(THE RECORDS)

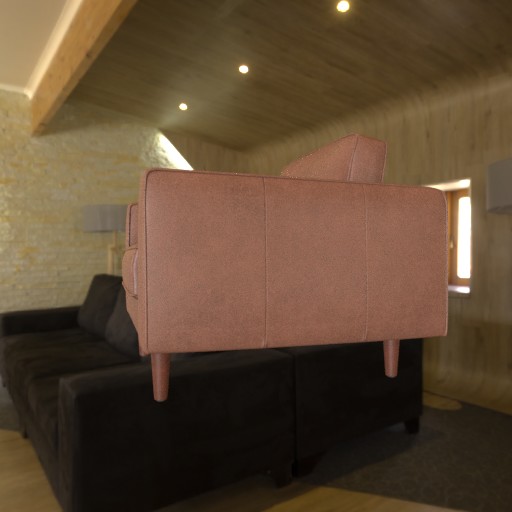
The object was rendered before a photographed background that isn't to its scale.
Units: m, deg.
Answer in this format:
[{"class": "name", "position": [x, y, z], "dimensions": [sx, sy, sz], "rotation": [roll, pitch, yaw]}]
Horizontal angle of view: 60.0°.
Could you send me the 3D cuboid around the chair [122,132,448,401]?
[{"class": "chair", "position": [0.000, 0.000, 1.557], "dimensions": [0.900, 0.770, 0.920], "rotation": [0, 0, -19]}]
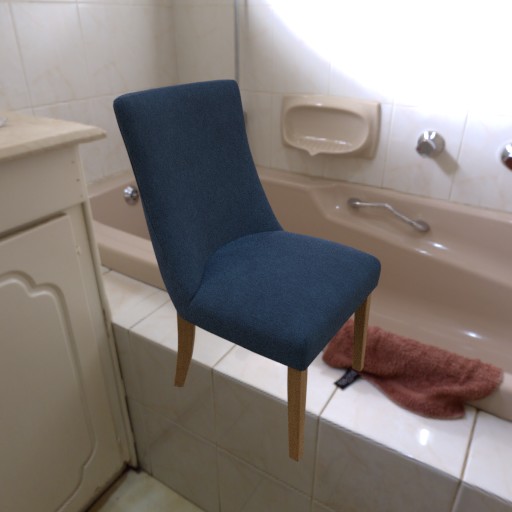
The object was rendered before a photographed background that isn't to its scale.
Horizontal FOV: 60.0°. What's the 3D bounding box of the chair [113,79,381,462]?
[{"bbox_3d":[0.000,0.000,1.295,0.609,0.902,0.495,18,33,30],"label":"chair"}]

(End THE RECORDS)

TASK ITEM: Only the lines from the start of the records to the line with "Horizontal angle of view: 60.0°." belong in the copy. Print them exactly, minus pictures.

RESULT OF THIS EXERCISE:
The object was rendered before a photographed background that isn't to its scale.
Units: m, deg.
Answer in this format:
[{"class": "name", "position": [x, y, z], "dimensions": [sx, sy, sz], "rotation": [roll, pitch, yaw]}]
Horizontal angle of view: 60.0°.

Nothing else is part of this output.